Painted sculptures built from cast bronze twigs arranged at right angles, for example, have long served as laboratories for experiments in geometry and color. Taken together, they amount to an ongoing meditation on the discrepancies and overlaps between natural forms and the abstract patterning employed by the human mind to understand them. Several new works of this type will be on view, ranging in size from intimate, tabletop constructions to larger objects that relate, like much of Holloway’s work, to the scale of the body.
An altogether different take on the natural world finds expression in a sculpture of a plant under a grow light. Made from steel, cardboard, and CelluClay papier mâché, and textured like the surface of a Giacometti figure, the tableau exudes Holloway's insouciant humor and demonstrates his ability to combine virtuosic technique with punk-inflected, do-it-yourself ingenuity.
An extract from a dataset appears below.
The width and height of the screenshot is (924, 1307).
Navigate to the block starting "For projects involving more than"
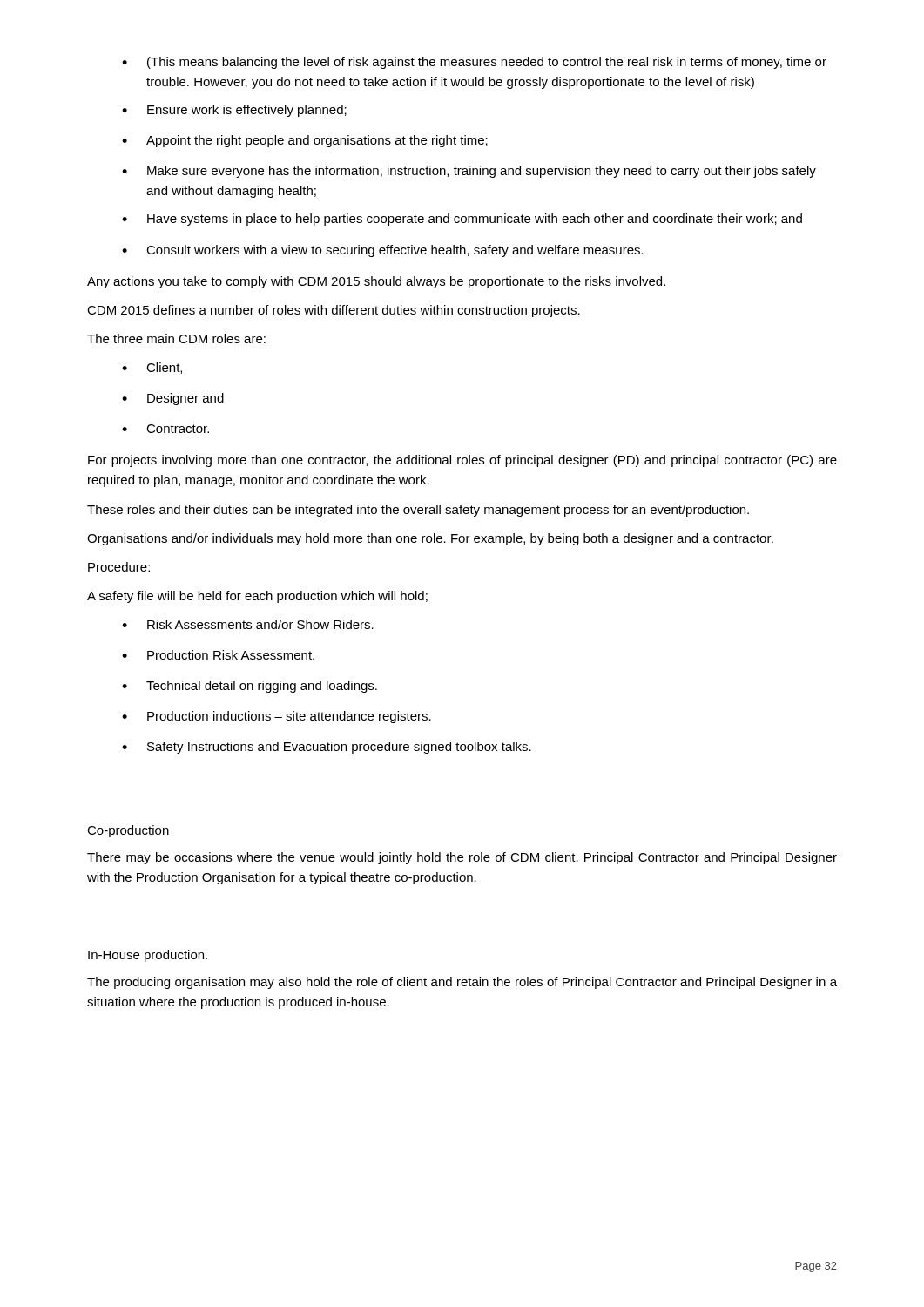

It also showcases the paradoxical populism that makes his work immediately accessible without sacrificing the nuance and complexity born of broad art historical resonance. These qualities situate Holloway in a lineage that includes postwar California-based artists like Mike Kelley, Liz Larner, and Charles Ray.
But this blend of the intuitive and the canonical also allows his work to reflect an aesthetic approach that transcends any one particular geographic location or period. For example, in another series of sculptures, Holloway caps steel rods, radiating outward from a central point, with individually formed Sculptamold papier mâché or plaster faces that resemble miniature versions of the archaic monuments on Easter Island. Each unique arrangement hints at the ritualistic power of objects used by people all over the world, since the dawn of time, to bridge the ordinary and the divine.
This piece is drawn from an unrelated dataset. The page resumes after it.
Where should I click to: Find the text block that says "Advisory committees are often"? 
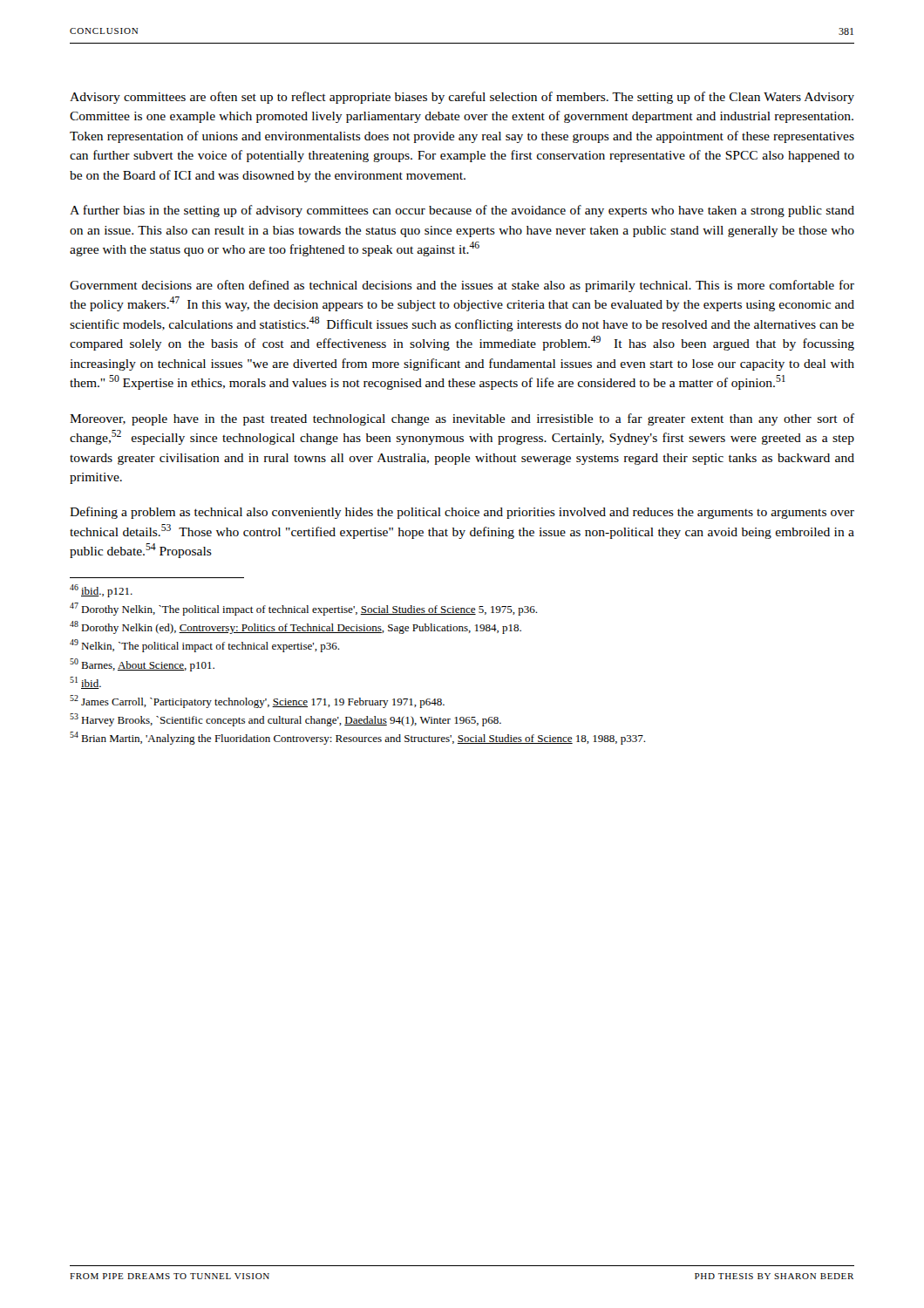462,136

That everyday life can be considered a psychedelic phenomenon is reflected throughout Holloway's practice, and he often takes up both the ethos and accoutrements of an esoteric worldview as overt subjects. In the presentation at Independent, their presence is perhaps first sensed not through the eyes, but through the nose. Another group of new sculptures, slender and columnar in form, are doubly functional: intended for use as incense burners, they also allude to the kinds of ritualistic totems that provide focal points for meditative exercises. They are reminders that looking at art can be a radical way of seeing beyond the facts of the physical world around us.
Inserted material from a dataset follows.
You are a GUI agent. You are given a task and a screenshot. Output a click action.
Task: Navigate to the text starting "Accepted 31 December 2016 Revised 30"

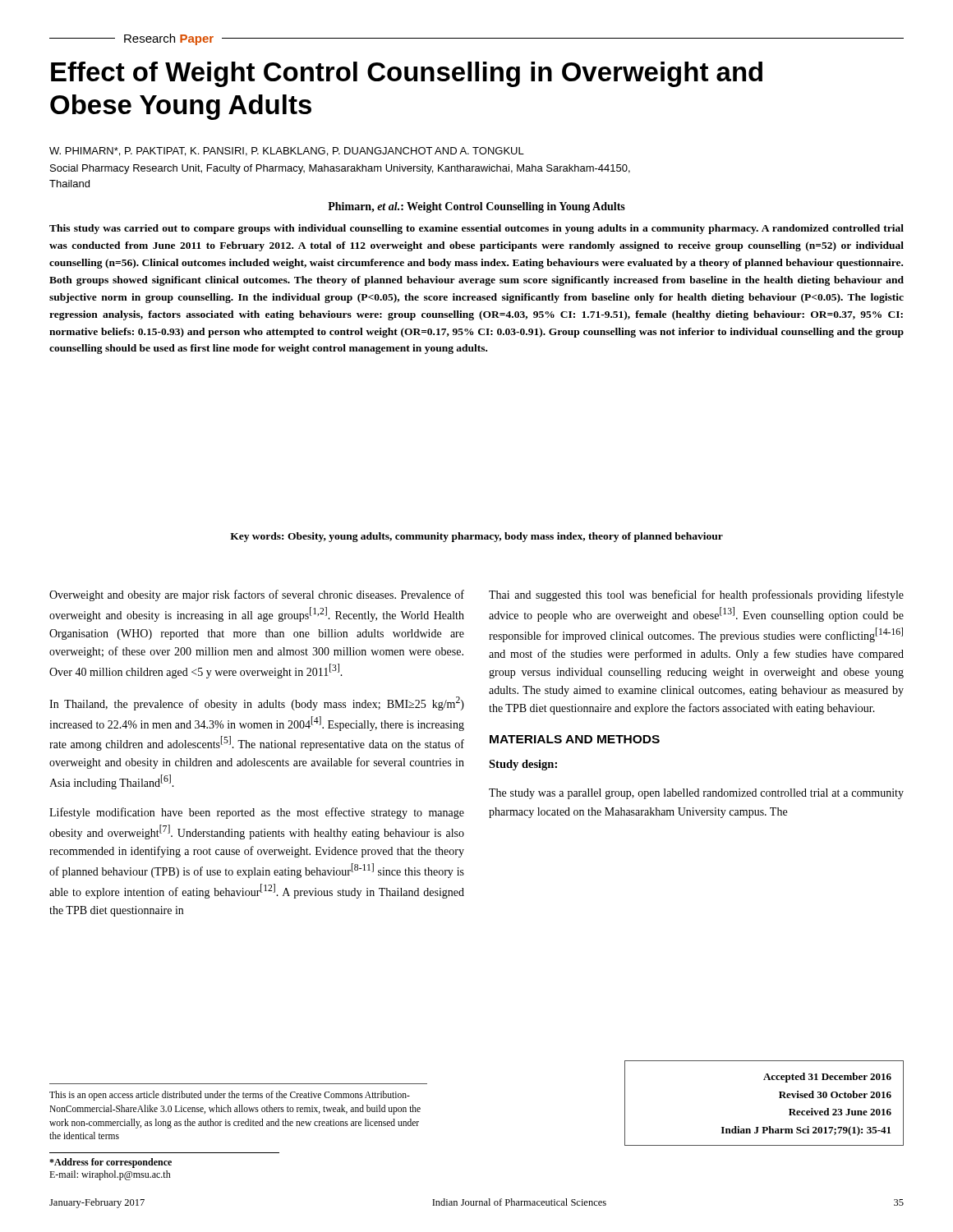click(x=827, y=1078)

Evan Holloway (b. 1967, Whittier, California) has been featured in numerous institutional exhibitions, including You’ve Got to Know the Rules … to Break Them, de la Cruz Collection, Miami (2015); Lightness of Being, Public Art Fund, City Hall Park, New York (2013); Theatrical Gestures, Herzliya Museum of Contemporary Art, Israel (2013); All of this and nothing, Hammer Museum, Los Angeles (2011); The Artist’s Museum, Museum of Contemporary Art, Los Angeles (2011); At Home/Not At Home: Works from the Collection of Martin and Rebecca Eisenberg, Center for Curatorial Studies, Annandale-on-Hudson, New York (2010); 2008 California Biennial, Orange County Museum of Art, Newport Beach, California (2008); Ensemble, Institute of Contemporary Art, Philadelphia (2007); The Uncertainty of Objects & Ideas, Hirshhorn Museum and Sculpture Garden, Washington, D.C. (2006); and the Whitney Biennial, Whitney Museum of American Art, New York (2002). His work will be included in Don't Look Back: The 1990s at MOCA, which opens at The Geffen Contemporary, Los Angeles, on March 12. Holloway lives and works in Los Angeles.